Modify the System, Not the Person

“Benevolence” and “good intentions” have often had disastrous consequences for the disability community. Throughout history, “for their own good” has motivated and justified discrimination against us. The recent story about nine-year old Ashley, a child with severe disabilities, exemplifies this problem. When she was six, Ashley’s parents requested that their daughter be treated with medications (large doses of estrogen) to halt her physical growth, and with surgeries to remove her breasts and uterus. These interventions were undertaken at the Children’s Hospital of the University of Washington, School of Medicine in Seattle, after consultations with the medical center’s ethics committee.
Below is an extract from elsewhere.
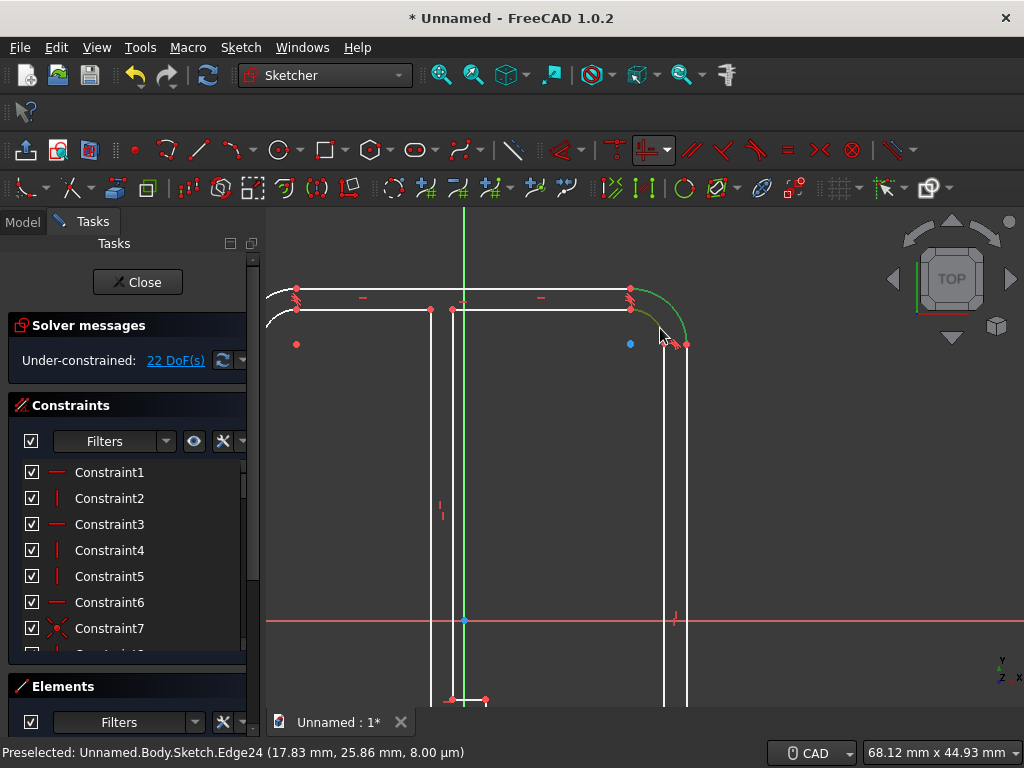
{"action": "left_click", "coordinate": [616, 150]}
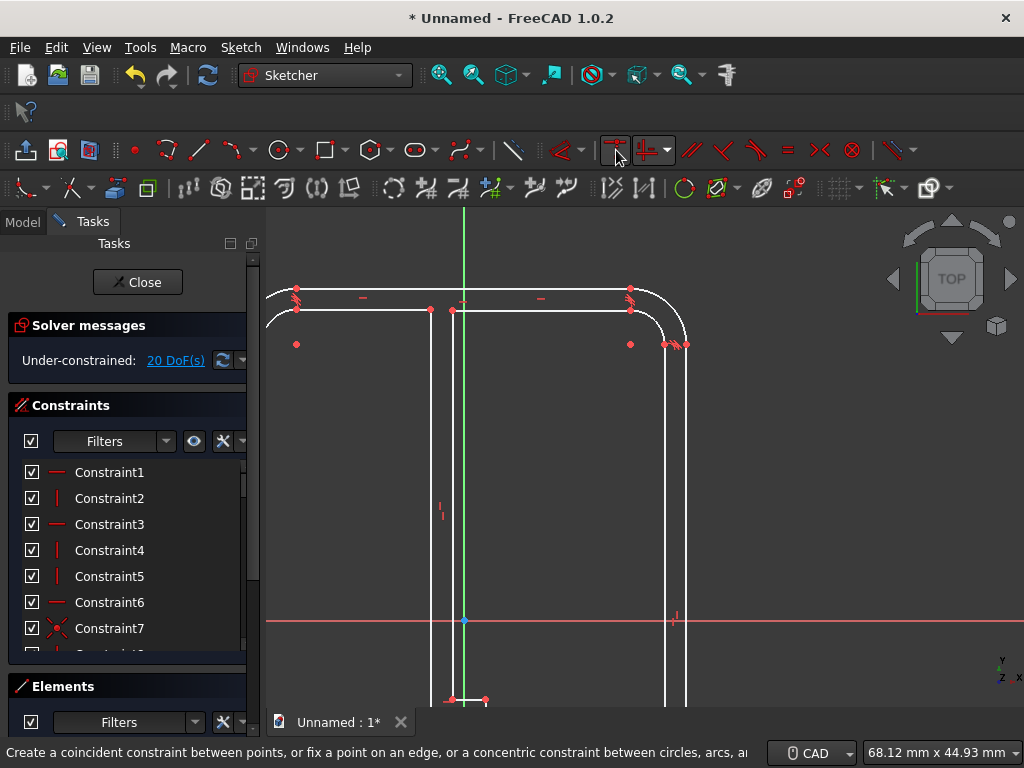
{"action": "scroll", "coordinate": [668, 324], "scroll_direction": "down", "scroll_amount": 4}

An article about the case appeared in the October 2006 issue of Archives of Pediatrics and Adolescent Medicine (160:1077-1078) and MSNBC first reported the story on November 1, 2006. Ashley is now nine years old, with an expected final height of 4’5″ and a weight of 75 pounds. The physicians involved with Ashley’s care have expressed the opinion that she will never achieve a cognitive level greater than that of a three-month old. Ashley’s parents, who call her their “Pillow Angel” (see their blog at http://ashleytreatment.spaces.live.com/blog/), argue that they can care for her more easily if she remains permanently small, and that she as well as they will benefit from these medical interventions. The case was reported by the Los Angeles Times, the Associated Press, CNN, and many other media outlets on January 4, and it has since raised a firestorm of debate.

We deeply empathize with parents who face difficult issues raising children with significant physical and intellectual disabilities. However, we hold as non-negotiable the principle that personal and physical autonomy of all people with disabilities be regarded as sacrosanct. For decades, parents, families, and the disability community have been fighting for this principle, and for community-based services for children and adults that make it a reality. Their advocacy led to enactment of state and federal laws in the 1970s that establish extensive rights to full personhood for children and adults with disabilities. These laws were passed to remedy our shameful history of abuse and mistreatment of people just like Ashley.

As parents and adults with disabilities, our experience demonstrates unequivocally that all people with disabilities can be an integral part of home and community, if needed help and support is available. It is not always easy to find home care workers who are competent and empathetic. Too often, we must fight to persuade social service and healthcare bureaucracies that help at home and appropriate equipment such as adapted wheelchairs and mechanical lifts are essential and fundamental to our autonomy. However, if these problems seem insurmountable, or cannot as a practical matter be surmounted, as Ashley’s parents suggest, then it is all our duty to change the system so it works rather than find novel ways to modify people so that they will more easily “fit” a flawed system.

Where, we wonder, was the network of programs and services that exist in every state when Ashley’s family decided the best option was to employ medical procedures that violated their daughter’s autonomy and personhood? Were other families whose children have disabilities like Ashley’s asked to talk about their experiences and how they solved problems as their children grew to adulthood? Where were the social workers and advocates who should be providing alternative perspectives? Why did the system fail this family and their daughter? That, it seems to us, is a fundamental question.

Beyond these apparent institutional failures, the conduct of Ashley’s physicians and the ethics committee’s decision in this tragic story should be widely questioned – there are future implications for other families and their children who have significant impairments. We rely on healthcare professionals to alleviate pain and suffering and maintain functionality, not decide when someone is worthy of holding human rights. After decades of struggle to enshrine the human rights of people with disabilities in law and policy and to challenge the overwhelming prejudice, negative attitudes, and misperceptions that are widely held about people with intellectual disabilities, this sad and puzzling episode must not mark a turning point for those hard-won gains.

It is ironic in light of this story that the United Nations General Assembly recently adopted the first convention of the twenty-first century – the Convention on the Protection and Promotion of the Rights and Dignity of Persons with Disabilities. Recognizing that the rights of people with disabilities to autonomy and personhood are still violated by many nations around the world, Article 17 of the Convention, entitled “Protecting the integrity of the person,” reads, “Every person with disabilities has a right to respect for his or her physical and mental integrity on an equal basis with others.” In our view, Ashley has been denied her basic human rights through draconian interventions to her person.